Regarding the proof of legitimacy of the request: The TargetedApplication that will receive the request must generate a random token (ex: alphanumeric of 20 characters) that is expected to be passed by the caller (in body via a parameter for which the name is also defined by the application itself and only allow characters set [a-z]{1,10}) to perform a valid request. The receiving endpoint must only accept HTTP POST requests.

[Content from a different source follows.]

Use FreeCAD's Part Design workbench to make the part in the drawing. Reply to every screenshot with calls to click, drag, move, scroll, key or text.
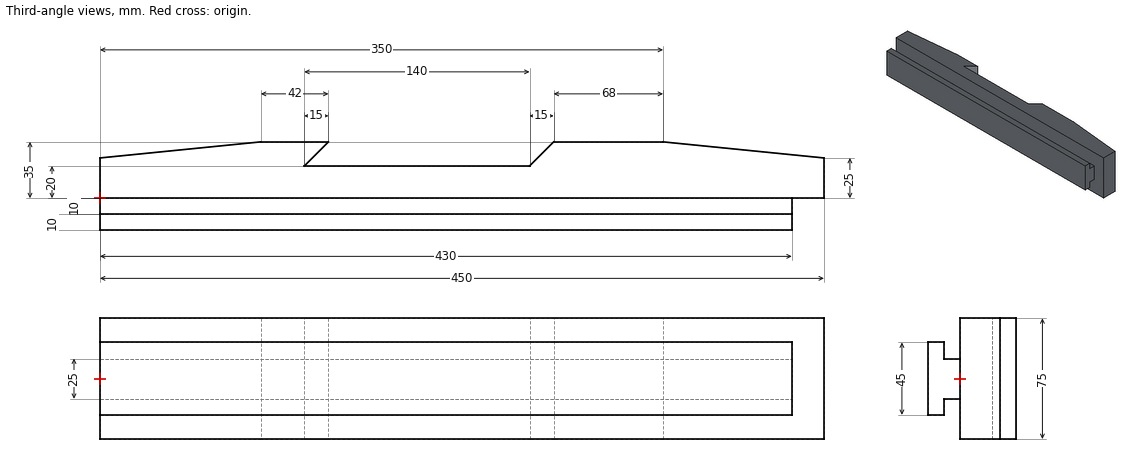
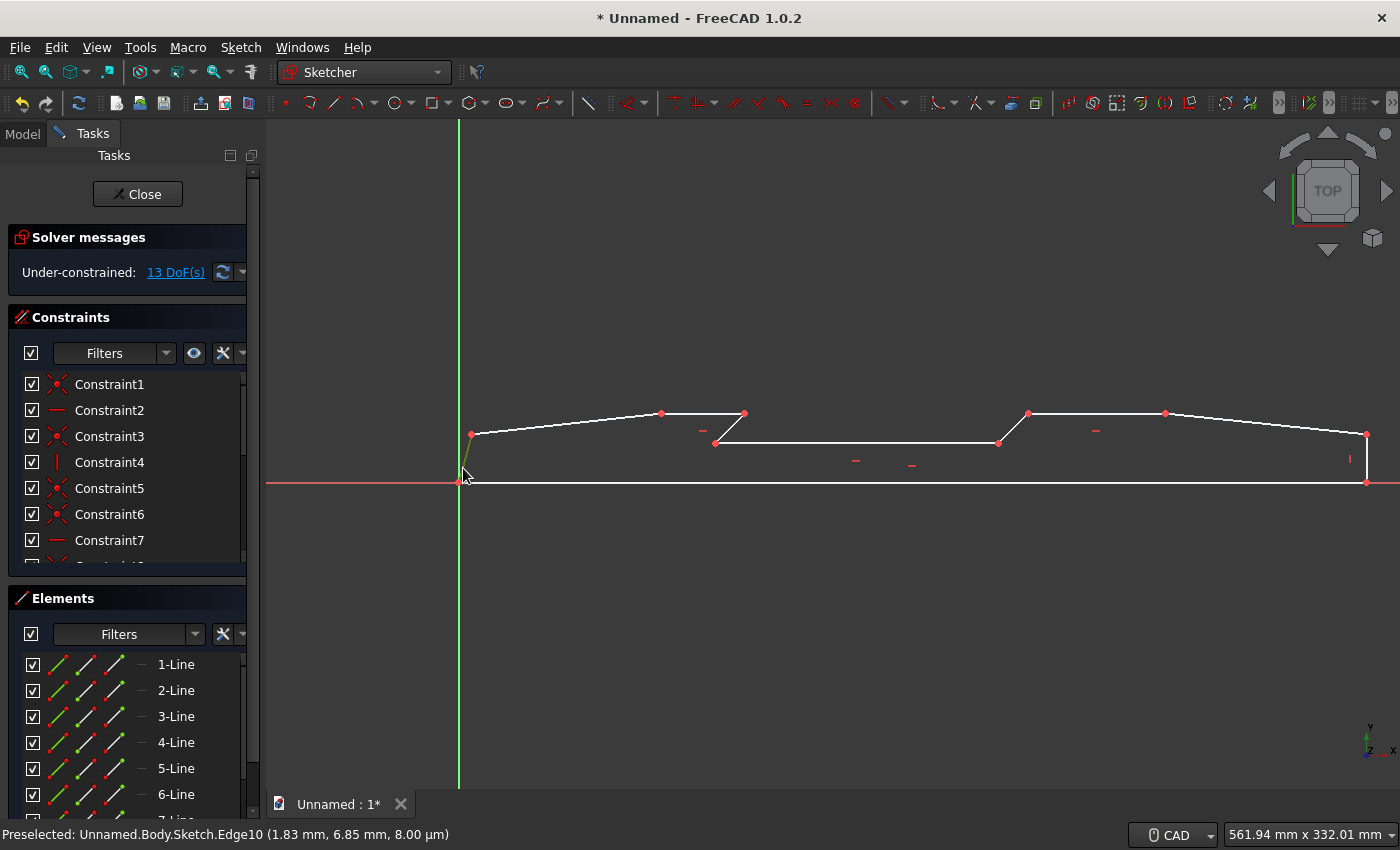
click(716, 104)

Validation flow (if one the validation steps fail then the request is rejected):

  1. The application will receive the IP address or domain name of the TargetedApplication and it will apply the first validation on the input data using the libraries/regex mentioned in this section.
  2. The second validation will be applied against the IP address or domain name of the TargetedApplication using the following block-list approach:
    • For IP address:
      • The application will verify that it is a public one (see the hint provided in the next paragraph with the python code sample).
    • For domain name:
      1. The application will verify that it is a public one by trying to resolve the domain name against the DNS resolver that will only resolve internal domain name. Here, it must return a response indicating that it do not know the provided domain because the expected value received must be a public domain.
      2. To prevent the DNS pinning attack described in this document, the application will retrieve all the IP addresses behind the domain name provided (taking records A + AAAA for IPv4 + IPv6) and it will apply the same verification described in the previous point about IP addresses.
  3. The application will receive the protocol to use for the request via a dedicated input parameter for which it will verify the value against an allowed list of protocols (HTTP or HTTPS).
  4. The application will receive the parameter name for the token to pass to the TargetedApplication via a dedicated input parameter for which it will only allow the characters set [a-z]{1,10}.
  5. The application will receive the token itself via a dedicated input parameter for which it will only allow the characters set [a-zA-Z0-9]{20}.
  6. The application will receive and validate (from a security point of view) any business data needed to perform a valid call.
  7. The application will build the HTTP POST request using only validated information and will send it (don't forget to disable the support for redirection in the web client used).
Network layer

Similar to the following section.

IMDSv2 in AWS

In cloud environments SSRF is often used to access and steal credentials and access tokens from metadata services (e.g. AWS Instance Metadata Service, Azure Instance Metadata Service, GCP metadata server).

IMDSv2 is an additional defence-in-depth mechanism for AWS that mitigates some of the instances of SSRF.

To leverage this protection migrate to IMDSv2 and disable old IMDSv1. Check out AWS documentation for more details.

Semgrep Rules

Semgrep is a command-line tool for offline static analysis. Use pre-built or custom rules to enforce code and security standards in your codebase. Checkout the Semgrep rule for SSRF to identify/investigate for SSRF vulnerabilities in Java https://semgrep.dev/salecharohit:owasp_java_ssrf

References

Online version of the SSRF bible (PDF version is used in this cheat sheet).

Article about Bypassing SSRF Protection.

Articles about SSRF attacks: Part 1, part 2 and part 3.

Article about IMDSv2

Tools and code used for schemas

Mermaid code for SSRF common flow (printscreen are used to capture PNG image inserted into this cheat sheet):

sequenceDiagram
    participant Attacker
    participant VulnerableApplication
    participant TargetedApplication
    Attacker->>VulnerableApplication: Crafted HTTP request
    VulnerableApplication->>TargetedApplication: Request (HTTP, FTP...)
    Note left of TargetedApplication: Use payload included<br>into the request to<br>VulnerableApplication
    TargetedApplication->>VulnerableApplication: Response
    VulnerableApplication->>Attacker: Response
    Note left of VulnerableApplication: Include response<br>from the<br>TargetedApplication

Draw.io schema XML code for the "case 1 for network layer protection about flows that we want to prevent" schema (printscreen are used to capture PNG image inserted into this cheat sheet).